For instance, I would have no problem with a law removing the religious exemption from children being vaccinated. It is an exemption that has been vastly overused and that has vexed many a pastor who will have members of his congregation who claim his church as the reason for their opposition to vaccination. We force the children of Jehovah’s Witnesses to receive transfusions (if so medically needed) until they are adults and may choose for themselves. No Evangelical has mounted a great campaign in support of JW freedom of religion to deny blood transfusions to a child. In the same way, I would have no problem in forcing Evangelical children to be vaccinated until they are adults. What is good for the Jehovah’s Witnesses goose is good for the Evangelical gander.

The one exception to the rule would be abortion. To orthodox (theologically conservative) Christians, abortion is a great evil and a great horror. It is more than an inconvenience to us.

But, here is the bottom line. Let us be careful in our rhetoric. Let us reserve the word, “persecution,” for those instances of true physical persecution in various countries. Our brethren are dying. Let us honor them by labeling them martyrs without using the word “martyrs” for our inconveniences. And, then, let us work to bring relief to them by putting pressure on various international bodies, lobbying our Congress to cut off funds to any country that persecutes us, and ensuring that human rights are an important part of our ethic. We can deal with our inconveniences the next time we go to elect members of Congress.

Comments

  1. says

    Fr. Ernesto,

    We should also differentiate between persecution and suffering from an unjust law. Say a Christian suffers from an unjust law or ordinance. That Christian realizes the law is unjust, and both appeals the law and fights to change the law based upon his view of Christian righteousness. He loses his case and suffers the penalty of the law. Now, this is not necessarily persecution because the reason he suffered is not because he is a Christian, but because the law is unjust. There is a difference here.

  2. says

    Here in the USA, and in the mind of Christians…I think we have to decide what a (true) ‘right’ actually is first. In my thinking…for instance, as we make decisions about abortion and other life issues…the right to life does not just mean the right to be born. It fundimentally means the right to be born AND to live.

    >>But if in our mind the right to be born is unequal to a right to live…which seems to be the case in this country…then what we are doing is – passing a law that would affect someone else…which would conveniently, and for most of us, not impact us personally at all…except to make us ‘feel moral/righteous’.

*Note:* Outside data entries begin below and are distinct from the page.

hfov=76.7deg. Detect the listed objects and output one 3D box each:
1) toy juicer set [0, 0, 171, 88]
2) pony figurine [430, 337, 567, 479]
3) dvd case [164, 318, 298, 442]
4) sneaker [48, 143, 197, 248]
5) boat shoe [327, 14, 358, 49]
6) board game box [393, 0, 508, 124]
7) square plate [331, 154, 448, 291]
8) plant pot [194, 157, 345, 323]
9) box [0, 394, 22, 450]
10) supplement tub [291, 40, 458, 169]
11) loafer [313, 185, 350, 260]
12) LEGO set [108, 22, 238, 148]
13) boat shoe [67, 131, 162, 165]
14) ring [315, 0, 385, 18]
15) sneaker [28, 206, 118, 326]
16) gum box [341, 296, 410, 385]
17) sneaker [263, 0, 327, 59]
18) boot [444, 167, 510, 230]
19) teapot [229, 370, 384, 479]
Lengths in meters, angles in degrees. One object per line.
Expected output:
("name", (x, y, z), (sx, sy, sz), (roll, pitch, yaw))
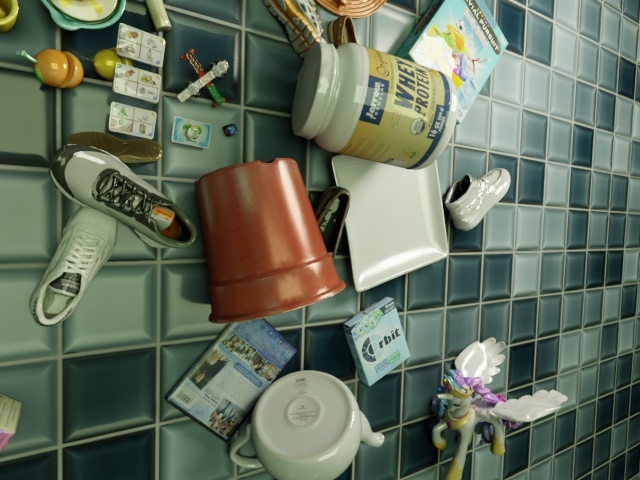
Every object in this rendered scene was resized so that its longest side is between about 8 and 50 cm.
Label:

    So, in my estimation we have a ways to go….because if we got to the point of realizing/deciding that we all have a right to be born and to live…THEN we’d have to do something that would affect us personally! As it would involve our money and time to make sure those babies had food, clothing, medical and schooling. True rights are not given in isolation…or for selfish reasons…it comes with the expectation the we would value the same rights for everyone.

    • Betty Cyrus says

      My beliefs and reasoning on abortion are quite complicated (mostly because of what I do for a living) and so I usually don’t comment about it because of the passion of those I care about who don’t understand and disagree but your post is so breathtakingly to the point I needed to give you props for voicing it so well. This is an integral part of the disconnect from the conservative religious school of thought and the secular American experience.

  3. George Kleinert says

    Minor quibble – The author of the article in The Independent at the top of this post has repeated a common misconception. Emperor Constantine did not “[make] the Roman Empire Christian”. That would be Emperor Theodosius I, six emperors later. Constantine’s major contribution was to make Christianity legal, while he did also call the first Ecumenical Council.